The most likely explanation seems to be that it originally stemmed from an over-literal translation into the Scandinavian or the English of the Latin pestis atra or atra mors. Even in the fourteenth century the word ‘atra’ could connote ‘dreadful’ or ‘terrible’ as well as ‘black’. But once the mistranslation had been established then all the other reasons for associating ‘Black’ with ‘Death’ must have contributed to give it general currency. In France it was once called the morte bleue. The superior dreadfulness of the accepted phrase is obvious and today no other style would be acceptable.

Contemporary records are remarkably consistent in their descriptions of the physical appearance of the disease. The most commonly noted symptom is, of course, also the most dramatic; the buboes or boils, sometimes also described as knobs, kernels, biles, blaines, blisters, pimples or wheals which are the invariable concomitants of bubonic plague. Boccaccio’s description will do for all the rest:

…in men and women alike it first betrayed itself by the emergence of certain tumours in the groin or the armpits, some of which grew as large as a common apple, others as an egg, some more, some less, which the common folk called gavocciolo. From the two said parts of the body this deadly gavocciolo soon began to propagate and spread itself in all directions indifferently; after which the form of the malady began to change, black spots or livid making their appearance in many cases on the arm or the thigh or elsewhere, now few and large, now minute and numerous. And as the gavocciolo had been and still was an infallible token of approaching death, such also were these spots on whomsoever they shewed themselves….{19}

Medically the only questionable detail in this account is the reference to the bubo as an ‘infallible token of approaching death’. Other contemporary records{20} as well as observation of subsequent epidemics show that it was by no means unheard of for the buboes to discharge and the patient recover. But certainly this happened in a very small minority of cases. To most of its victims the bubo meant inevitable death and it would not be surprising if Boccaccio had never heard of an instance to the contrary.
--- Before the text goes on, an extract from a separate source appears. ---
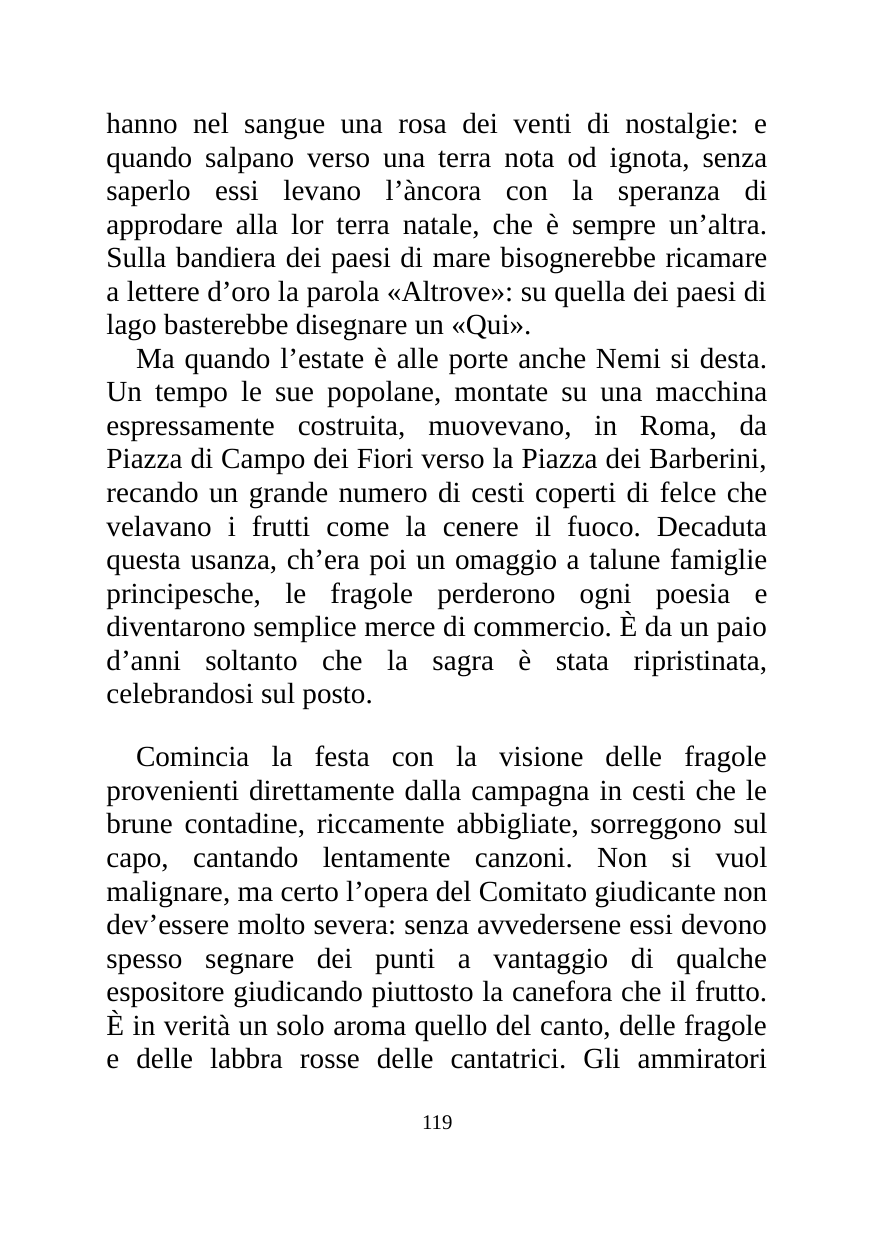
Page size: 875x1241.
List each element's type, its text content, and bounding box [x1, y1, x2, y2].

text hanno nel sangue una rosa dei venti di nostalgie: e quando salpano verso una terra nota od ignota, senza saperlo essi levano l’àncora con la speranza di approdare alla lor terra natale, che è sempre un’altra. Sulla bandiera dei paesi di mare bisognerebbe ricamare a lettere d’oro la parola «Altrove»: su quella dei paesi di lago basterebbe disegnare un «Qui». [106, 106, 768, 341]
text Ma quando l’estate è alle porte anche Nemi si desta. Un tempo le sue popolane, montate su una macchina espressamente costruita, muovevano, in Roma, da Piazza di Campo dei Fiori verso la Piazza dei Barberini, recando un grande numero di cesti coperti di felce che velavano i frutti come la cenere il fuoco. Decaduta questa usanza, ch’era poi un omaggio a talune famiglie principesche, le fragole perderono ogni poesia e diventarono semplice merce di commercio. È da un paio d’anni soltanto che la sagra è stata ripristinata, celebrandosi sul posto. [106, 341, 768, 710]
text Comincia la festa con la visione delle fragole provenienti direttamente dalla campagna in cesti che le brune contadine, riccamente abbigliate, sorreggono sul capo, cantando lentamente canzoni. Non si vuol malignare, ma certo l’opera del Comitato giudicante non dev’essere molto severa: senza avvedersene essi devono spesso segnare dei punti a vantaggio di qualche espositore giudicando piuttosto la canefora che il frutto. È in verità un solo aroma quello del canto, delle fragole e delle labbra rosse delle cantatrici. Gli ammiratori [106, 739, 768, 1075]

It was Gui de Chauliac, physician to the Papal Court at Avignon, who saw most clearly that these buboes were by no means an invariable symptom and that a distinct, still more violent variant of the plague existed.{21} ‘The mortality… lasted seven months,’ he wrote. ‘It was of two types. The first lasted two months, with continuous fever and spitting of blood, and from this one died in three days. The second lasted for the rest of the period, also with continuous fever but with apostumes and carbuncles on the external parts, principally on the armpits and groin. From this one died in five days.’